Needless to say that the situation was extremely stressful for him and he needed some strategies to help him get through to the other side of this large adversity. Luke’s skills of resilience and optimism were initially very low. He tended to blame himself for the situation; in spite of the being no evidence that he had in any way upset these children. He also believed that this situation would never come under control and that he would have to give up his role as moderator and even as participant in the very chat room that he facilitated. At his worst moments he believed that he would even have to leave his school.
Through teaching him the skills of resilience and encouraging him to apply them both at home and at school he was able to cope with this difficult situation over the course of the three months that it took to resolve.
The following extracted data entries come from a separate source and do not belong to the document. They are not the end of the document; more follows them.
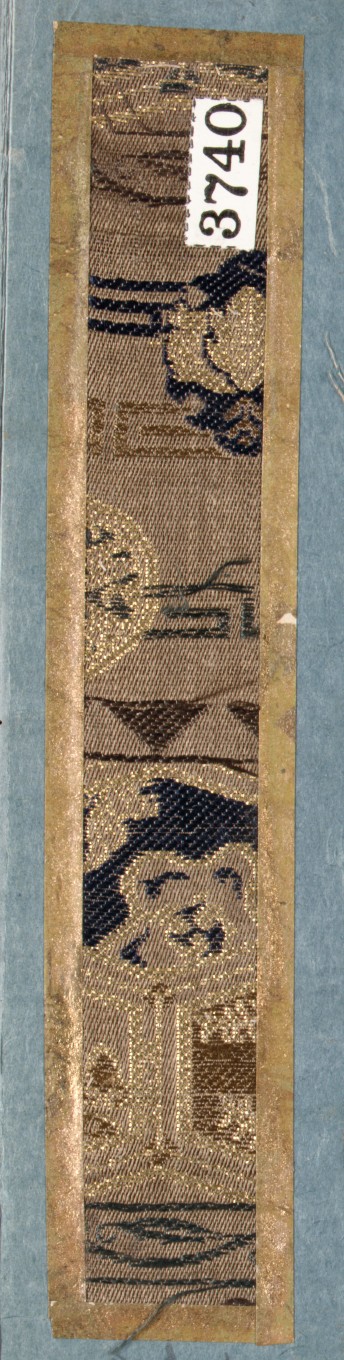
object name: sample
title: Textile Sample from Sample Book
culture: japanese
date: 1801-1900
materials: silk
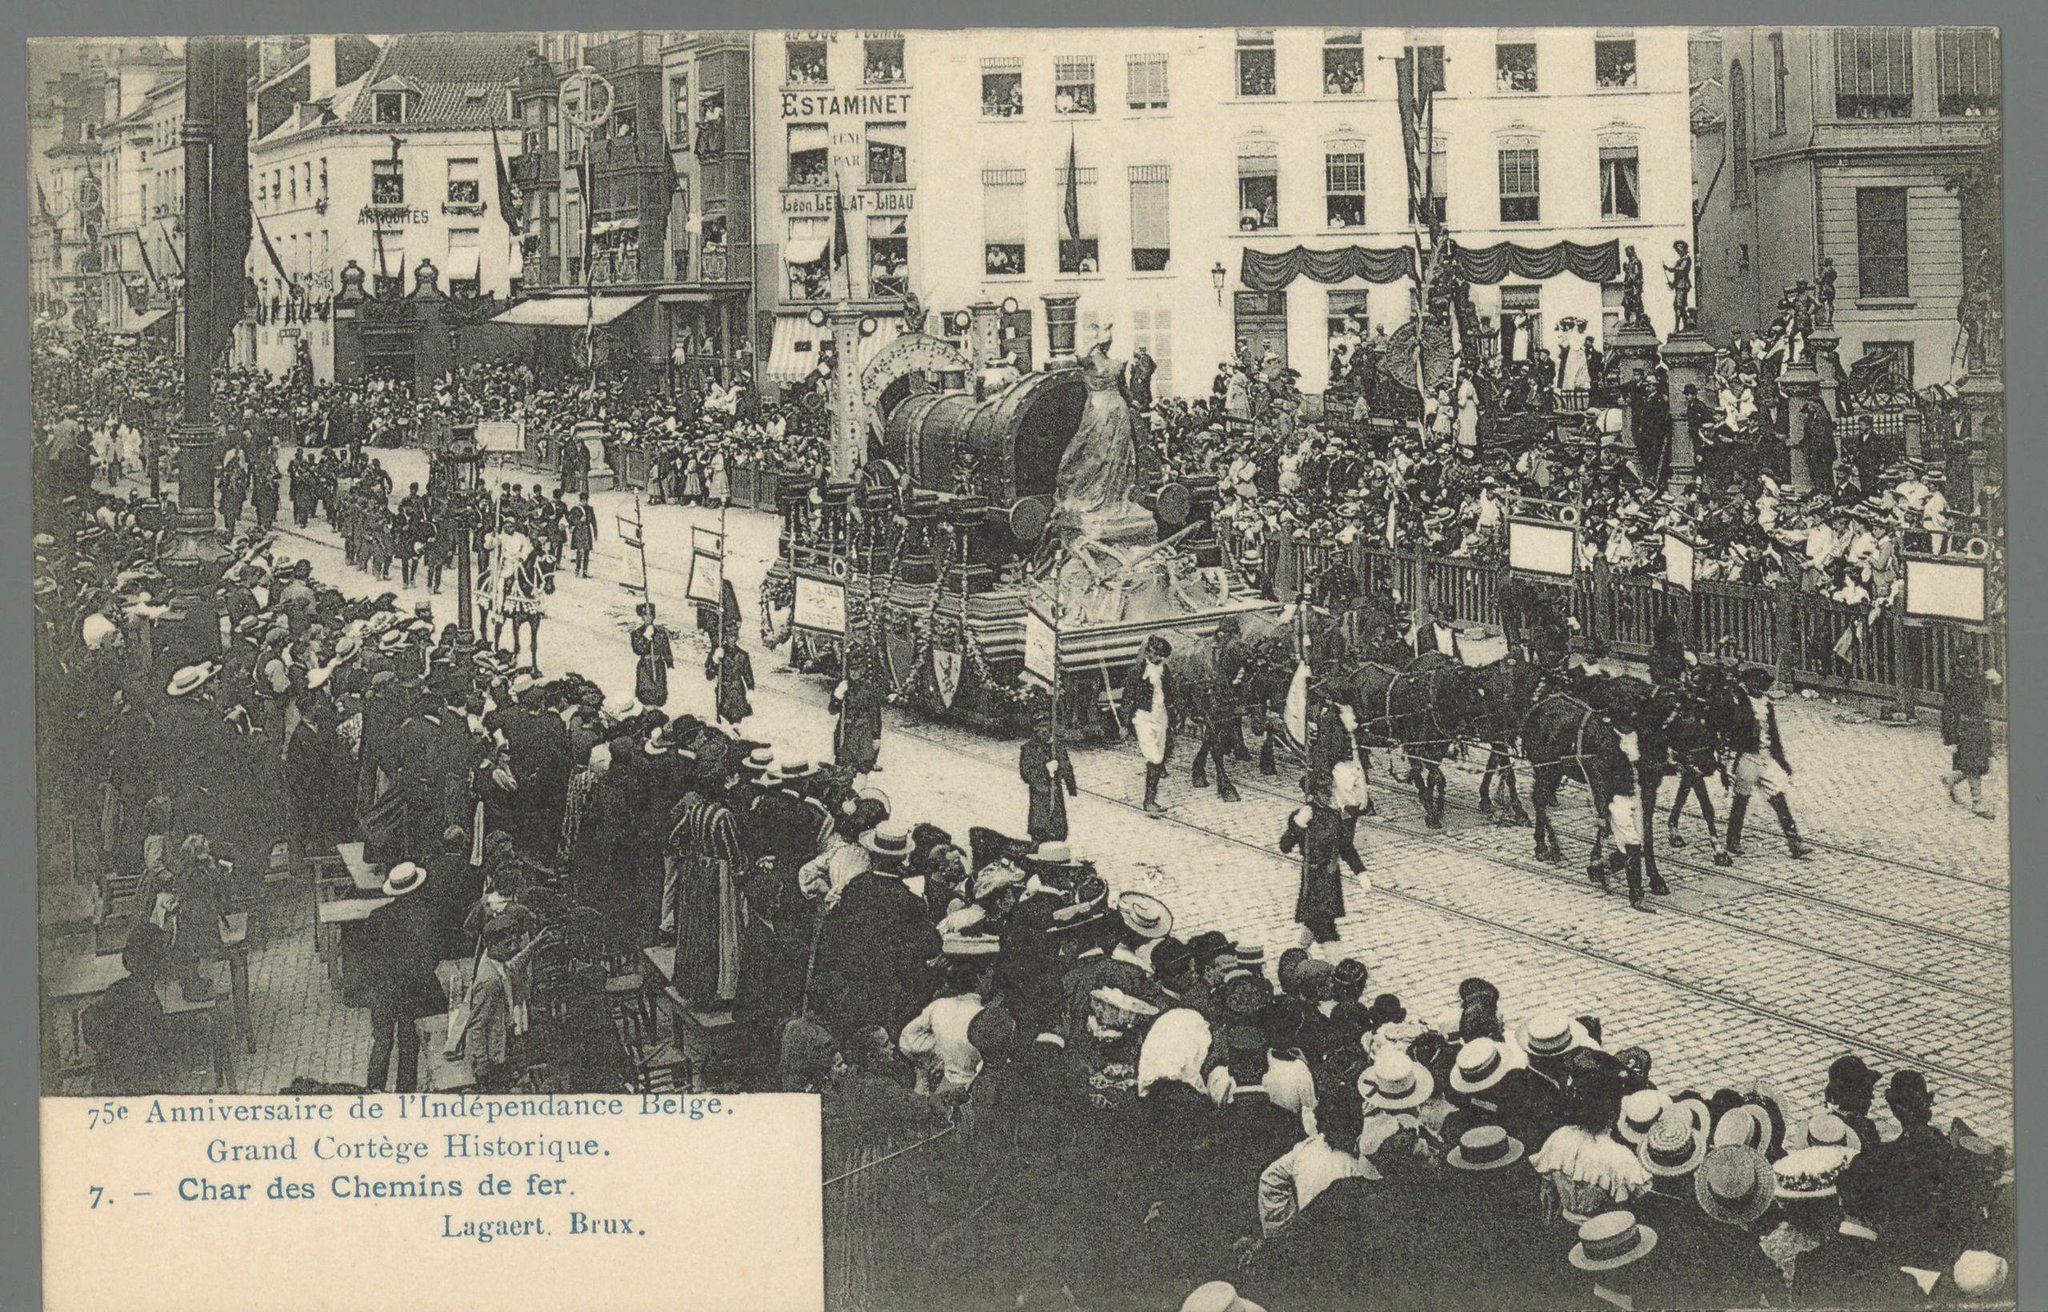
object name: photomechanical print
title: Char des Chemins de fer
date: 1905
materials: cardboard
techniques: photograph
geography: brussels
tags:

Luke was taught “real time resilience” in which he was able to apply accurate resilient thoughts to challenge and replace the many and varied negative thoughts that were entering his head and controlling his feelings. In this way he was able to come up with rational alternative thoughts that reduced his level of distress to a point where he was able to get through his school day.
He was also able to see that this situation would ultimately be brought under control given a combination intervention by Optimistic Kids, the school and some supportive and assertive parents. (His own parents and some of those of the children from the chat room). Luke’s parents were also instrumental in fostering at home the resilient and positive attitudes that he was being taught by Optimistic Kids and coaching him in being more assertive with other children.
Luke’s story is more common than we would like it to be and provides a picture of a child whose school life could have gone either of two ways: either leaving school with a potential descent into depression and a target for further bullying, or being able to remain at his school and use this as an opportunity to build resilience and some of the thinking skills that would service him well into the future.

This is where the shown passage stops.